### Aim of the exercise:
Check every line of the entries below for "keys", and copy the lines that have it.

### Provided data:
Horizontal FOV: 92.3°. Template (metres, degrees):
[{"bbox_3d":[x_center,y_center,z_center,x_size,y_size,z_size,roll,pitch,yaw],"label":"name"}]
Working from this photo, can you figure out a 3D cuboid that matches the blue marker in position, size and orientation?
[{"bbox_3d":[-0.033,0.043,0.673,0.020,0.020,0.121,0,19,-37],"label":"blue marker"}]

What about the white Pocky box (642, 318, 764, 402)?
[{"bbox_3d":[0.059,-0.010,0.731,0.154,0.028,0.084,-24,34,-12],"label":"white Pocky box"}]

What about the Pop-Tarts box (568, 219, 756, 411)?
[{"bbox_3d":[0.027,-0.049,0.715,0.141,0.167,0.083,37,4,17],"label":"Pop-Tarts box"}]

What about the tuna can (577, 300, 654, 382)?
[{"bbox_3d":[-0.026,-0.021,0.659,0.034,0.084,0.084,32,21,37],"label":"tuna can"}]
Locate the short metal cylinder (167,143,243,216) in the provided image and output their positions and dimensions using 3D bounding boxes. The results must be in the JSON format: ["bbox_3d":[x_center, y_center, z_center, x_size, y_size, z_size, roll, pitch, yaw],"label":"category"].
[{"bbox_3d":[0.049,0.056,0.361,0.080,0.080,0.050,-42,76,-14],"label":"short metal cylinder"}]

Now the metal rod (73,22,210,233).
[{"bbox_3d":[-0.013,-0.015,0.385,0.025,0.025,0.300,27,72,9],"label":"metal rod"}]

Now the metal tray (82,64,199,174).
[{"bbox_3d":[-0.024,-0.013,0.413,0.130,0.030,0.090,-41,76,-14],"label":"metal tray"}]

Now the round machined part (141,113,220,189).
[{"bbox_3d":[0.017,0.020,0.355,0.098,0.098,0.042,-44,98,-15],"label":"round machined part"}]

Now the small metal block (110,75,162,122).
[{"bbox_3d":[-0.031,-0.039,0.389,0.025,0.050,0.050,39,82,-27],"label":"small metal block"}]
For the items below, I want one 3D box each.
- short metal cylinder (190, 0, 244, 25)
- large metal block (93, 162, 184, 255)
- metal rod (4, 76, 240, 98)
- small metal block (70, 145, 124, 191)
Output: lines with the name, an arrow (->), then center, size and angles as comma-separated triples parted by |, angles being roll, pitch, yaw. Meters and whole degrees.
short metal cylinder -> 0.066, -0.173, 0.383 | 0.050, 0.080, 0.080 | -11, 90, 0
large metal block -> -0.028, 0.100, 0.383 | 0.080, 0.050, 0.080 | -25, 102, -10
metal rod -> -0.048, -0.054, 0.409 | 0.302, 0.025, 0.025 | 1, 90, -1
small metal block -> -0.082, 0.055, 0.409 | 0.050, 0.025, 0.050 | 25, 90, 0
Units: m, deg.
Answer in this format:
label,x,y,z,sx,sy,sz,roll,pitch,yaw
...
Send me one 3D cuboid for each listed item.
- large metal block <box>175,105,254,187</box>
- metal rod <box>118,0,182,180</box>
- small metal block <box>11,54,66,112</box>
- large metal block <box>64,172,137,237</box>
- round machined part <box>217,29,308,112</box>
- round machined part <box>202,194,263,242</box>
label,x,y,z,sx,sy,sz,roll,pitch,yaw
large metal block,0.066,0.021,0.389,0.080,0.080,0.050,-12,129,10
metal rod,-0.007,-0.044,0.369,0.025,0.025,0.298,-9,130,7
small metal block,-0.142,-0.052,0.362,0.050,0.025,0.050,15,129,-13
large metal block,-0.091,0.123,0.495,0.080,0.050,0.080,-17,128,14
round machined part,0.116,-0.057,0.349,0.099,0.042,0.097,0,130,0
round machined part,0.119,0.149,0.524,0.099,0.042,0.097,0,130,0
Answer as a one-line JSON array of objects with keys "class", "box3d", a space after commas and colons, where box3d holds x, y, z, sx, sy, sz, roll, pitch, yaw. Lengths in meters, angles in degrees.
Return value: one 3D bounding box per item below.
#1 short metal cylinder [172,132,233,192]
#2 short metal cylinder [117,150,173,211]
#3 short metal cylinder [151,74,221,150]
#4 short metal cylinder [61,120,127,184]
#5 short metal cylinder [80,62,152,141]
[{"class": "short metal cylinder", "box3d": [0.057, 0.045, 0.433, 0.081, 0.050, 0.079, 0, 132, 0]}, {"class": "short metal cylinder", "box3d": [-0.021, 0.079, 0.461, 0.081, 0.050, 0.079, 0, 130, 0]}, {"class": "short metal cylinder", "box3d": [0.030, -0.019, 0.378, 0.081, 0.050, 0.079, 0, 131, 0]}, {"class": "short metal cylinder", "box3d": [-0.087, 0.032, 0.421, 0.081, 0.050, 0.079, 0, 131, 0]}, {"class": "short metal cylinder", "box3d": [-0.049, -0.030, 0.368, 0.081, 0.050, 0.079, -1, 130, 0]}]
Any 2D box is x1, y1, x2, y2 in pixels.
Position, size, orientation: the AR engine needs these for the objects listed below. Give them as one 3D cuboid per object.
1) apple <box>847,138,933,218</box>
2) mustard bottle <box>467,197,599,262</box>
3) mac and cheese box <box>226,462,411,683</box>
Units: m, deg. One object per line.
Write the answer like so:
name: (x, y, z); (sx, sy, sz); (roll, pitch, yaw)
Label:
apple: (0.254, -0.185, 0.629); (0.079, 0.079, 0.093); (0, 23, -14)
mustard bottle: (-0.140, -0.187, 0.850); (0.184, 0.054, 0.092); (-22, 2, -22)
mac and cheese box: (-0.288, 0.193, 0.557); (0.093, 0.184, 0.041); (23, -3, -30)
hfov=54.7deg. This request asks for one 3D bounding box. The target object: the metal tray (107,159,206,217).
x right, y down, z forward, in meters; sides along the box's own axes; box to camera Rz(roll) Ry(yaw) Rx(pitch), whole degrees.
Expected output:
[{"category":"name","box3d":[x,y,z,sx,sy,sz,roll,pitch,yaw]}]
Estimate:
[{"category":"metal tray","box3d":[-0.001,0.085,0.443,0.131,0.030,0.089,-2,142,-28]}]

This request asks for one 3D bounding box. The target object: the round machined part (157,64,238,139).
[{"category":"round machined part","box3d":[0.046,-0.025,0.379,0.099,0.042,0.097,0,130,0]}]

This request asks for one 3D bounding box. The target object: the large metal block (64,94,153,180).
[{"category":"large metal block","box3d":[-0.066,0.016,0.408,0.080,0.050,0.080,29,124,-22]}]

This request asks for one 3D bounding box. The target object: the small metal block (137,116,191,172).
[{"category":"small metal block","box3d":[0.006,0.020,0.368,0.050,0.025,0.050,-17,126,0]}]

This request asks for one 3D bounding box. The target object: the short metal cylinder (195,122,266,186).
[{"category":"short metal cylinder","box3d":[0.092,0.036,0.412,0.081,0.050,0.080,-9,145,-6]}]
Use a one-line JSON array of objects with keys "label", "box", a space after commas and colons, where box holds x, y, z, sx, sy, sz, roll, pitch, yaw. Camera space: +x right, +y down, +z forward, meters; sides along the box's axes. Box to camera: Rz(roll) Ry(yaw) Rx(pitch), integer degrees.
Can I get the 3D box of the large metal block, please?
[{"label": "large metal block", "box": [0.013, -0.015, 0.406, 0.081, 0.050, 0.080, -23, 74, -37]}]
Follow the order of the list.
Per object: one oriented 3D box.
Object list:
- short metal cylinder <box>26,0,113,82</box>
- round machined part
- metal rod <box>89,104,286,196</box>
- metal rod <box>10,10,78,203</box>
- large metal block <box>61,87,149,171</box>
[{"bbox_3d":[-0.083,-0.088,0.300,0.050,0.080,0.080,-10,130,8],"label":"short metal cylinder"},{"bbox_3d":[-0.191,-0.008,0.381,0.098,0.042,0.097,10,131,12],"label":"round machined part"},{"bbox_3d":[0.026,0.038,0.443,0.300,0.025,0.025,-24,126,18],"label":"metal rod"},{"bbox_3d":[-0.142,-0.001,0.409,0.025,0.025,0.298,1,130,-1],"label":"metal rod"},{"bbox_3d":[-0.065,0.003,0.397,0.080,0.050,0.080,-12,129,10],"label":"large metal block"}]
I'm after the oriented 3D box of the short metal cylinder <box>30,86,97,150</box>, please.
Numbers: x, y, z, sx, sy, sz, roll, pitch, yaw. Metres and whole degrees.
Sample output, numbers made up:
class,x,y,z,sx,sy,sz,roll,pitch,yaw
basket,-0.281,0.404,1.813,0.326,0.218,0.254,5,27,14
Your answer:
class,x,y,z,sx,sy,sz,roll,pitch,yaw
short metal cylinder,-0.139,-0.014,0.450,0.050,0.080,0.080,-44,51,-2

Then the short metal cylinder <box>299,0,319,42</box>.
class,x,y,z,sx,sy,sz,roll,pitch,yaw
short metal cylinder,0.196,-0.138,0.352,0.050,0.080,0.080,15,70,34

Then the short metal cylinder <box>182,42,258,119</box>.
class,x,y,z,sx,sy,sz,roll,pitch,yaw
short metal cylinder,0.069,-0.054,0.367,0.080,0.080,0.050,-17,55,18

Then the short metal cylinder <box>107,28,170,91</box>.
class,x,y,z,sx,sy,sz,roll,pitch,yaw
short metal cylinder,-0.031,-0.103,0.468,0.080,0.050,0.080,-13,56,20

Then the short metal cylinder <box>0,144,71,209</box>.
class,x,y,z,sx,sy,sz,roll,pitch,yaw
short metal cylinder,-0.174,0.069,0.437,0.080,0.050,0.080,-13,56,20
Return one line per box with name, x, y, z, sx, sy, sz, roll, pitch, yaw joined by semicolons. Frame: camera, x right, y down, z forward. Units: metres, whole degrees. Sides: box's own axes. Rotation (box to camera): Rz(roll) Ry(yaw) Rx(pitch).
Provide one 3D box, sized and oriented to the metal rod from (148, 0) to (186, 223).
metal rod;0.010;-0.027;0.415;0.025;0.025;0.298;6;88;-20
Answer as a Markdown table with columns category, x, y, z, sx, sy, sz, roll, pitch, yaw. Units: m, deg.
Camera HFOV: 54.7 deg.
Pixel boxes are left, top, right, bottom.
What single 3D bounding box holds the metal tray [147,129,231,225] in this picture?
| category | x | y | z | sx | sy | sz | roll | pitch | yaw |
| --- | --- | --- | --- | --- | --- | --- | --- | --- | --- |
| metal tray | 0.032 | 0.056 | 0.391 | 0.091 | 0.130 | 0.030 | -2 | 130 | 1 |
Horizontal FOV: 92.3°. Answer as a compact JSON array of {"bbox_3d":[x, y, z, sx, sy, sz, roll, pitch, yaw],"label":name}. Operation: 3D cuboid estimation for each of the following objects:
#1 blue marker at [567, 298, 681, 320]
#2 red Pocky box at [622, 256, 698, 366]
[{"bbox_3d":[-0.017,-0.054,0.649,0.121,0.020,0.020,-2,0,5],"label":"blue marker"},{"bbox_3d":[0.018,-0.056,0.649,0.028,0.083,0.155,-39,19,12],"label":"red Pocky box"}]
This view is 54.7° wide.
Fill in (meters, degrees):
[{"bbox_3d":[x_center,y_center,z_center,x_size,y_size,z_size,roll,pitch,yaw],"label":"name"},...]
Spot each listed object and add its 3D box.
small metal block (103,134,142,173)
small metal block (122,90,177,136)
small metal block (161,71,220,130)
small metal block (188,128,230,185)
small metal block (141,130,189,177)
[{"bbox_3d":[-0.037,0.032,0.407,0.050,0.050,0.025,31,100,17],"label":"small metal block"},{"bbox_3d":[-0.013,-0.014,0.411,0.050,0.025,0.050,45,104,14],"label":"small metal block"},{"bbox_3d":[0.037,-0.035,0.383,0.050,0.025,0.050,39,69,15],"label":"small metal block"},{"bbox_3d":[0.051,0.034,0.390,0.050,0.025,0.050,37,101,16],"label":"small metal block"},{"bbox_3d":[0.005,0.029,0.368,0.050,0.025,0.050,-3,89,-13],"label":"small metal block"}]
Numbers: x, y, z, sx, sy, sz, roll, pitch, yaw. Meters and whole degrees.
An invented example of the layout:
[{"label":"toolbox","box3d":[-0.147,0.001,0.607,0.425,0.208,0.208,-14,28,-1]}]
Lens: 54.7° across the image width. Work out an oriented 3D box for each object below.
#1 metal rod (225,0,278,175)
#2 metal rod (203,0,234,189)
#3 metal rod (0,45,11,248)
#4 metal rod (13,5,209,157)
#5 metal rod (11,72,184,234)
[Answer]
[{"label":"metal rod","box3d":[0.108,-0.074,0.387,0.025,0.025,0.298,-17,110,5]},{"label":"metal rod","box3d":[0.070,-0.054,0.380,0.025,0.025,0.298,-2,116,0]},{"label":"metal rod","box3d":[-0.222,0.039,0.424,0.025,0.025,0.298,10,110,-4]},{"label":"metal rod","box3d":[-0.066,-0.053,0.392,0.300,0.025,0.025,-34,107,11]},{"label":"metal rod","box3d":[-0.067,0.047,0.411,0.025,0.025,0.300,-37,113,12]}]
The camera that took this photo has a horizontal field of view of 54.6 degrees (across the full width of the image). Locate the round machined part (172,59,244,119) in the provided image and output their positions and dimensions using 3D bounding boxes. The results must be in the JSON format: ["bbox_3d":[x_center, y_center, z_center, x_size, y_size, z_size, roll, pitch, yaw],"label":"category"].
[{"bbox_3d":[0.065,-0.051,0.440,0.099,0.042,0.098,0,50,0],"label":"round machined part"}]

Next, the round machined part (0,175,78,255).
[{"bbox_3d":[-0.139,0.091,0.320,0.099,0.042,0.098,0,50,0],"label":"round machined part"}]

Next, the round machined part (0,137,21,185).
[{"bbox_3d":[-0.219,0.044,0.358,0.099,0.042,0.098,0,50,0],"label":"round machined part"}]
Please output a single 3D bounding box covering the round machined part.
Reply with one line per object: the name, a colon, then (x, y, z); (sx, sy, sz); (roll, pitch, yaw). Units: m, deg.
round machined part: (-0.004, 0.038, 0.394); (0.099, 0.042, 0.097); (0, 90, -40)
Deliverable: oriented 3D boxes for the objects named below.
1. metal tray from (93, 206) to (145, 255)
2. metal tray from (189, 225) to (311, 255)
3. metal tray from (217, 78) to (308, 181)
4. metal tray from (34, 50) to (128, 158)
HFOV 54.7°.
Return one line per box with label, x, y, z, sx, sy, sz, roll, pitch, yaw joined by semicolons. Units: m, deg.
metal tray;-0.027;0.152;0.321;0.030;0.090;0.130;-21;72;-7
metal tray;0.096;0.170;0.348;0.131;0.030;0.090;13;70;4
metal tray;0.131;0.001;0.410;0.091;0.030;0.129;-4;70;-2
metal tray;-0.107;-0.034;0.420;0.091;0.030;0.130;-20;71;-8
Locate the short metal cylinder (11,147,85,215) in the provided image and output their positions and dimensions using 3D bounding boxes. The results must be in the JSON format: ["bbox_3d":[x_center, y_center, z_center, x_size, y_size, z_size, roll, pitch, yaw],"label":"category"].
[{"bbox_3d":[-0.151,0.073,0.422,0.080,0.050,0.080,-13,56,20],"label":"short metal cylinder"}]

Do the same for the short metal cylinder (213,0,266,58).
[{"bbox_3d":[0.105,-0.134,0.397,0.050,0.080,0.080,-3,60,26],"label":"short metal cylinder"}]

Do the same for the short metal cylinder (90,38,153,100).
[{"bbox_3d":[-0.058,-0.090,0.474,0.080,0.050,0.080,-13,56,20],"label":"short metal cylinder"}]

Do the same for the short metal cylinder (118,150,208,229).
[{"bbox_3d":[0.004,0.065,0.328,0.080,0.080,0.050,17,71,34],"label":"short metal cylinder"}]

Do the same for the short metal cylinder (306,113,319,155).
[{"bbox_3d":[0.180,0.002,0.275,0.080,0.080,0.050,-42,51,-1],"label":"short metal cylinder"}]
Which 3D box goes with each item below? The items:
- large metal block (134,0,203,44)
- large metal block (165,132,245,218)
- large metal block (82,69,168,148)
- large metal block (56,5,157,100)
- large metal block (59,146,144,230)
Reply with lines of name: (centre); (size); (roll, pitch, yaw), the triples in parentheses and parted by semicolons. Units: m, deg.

### Response to this exercise:
Answer as a one-line JSON array of objects with keys "class", "box3d", a space after commas and colons, where box3d holds x, y, z, sx, sy, sz, roll, pitch, yaw. Lengths in meters, angles in degrees.
Use a one-line JSON array of objects with keys "label", "box", a space after commas and colons, where box holds x, y, z, sx, sy, sz, roll, pitch, yaw. Camera space: +x right, +y down, +z forward, meters; sides along the box's axes. Box to camera: Rz(roll) Ry(yaw) Rx(pitch), integer degrees.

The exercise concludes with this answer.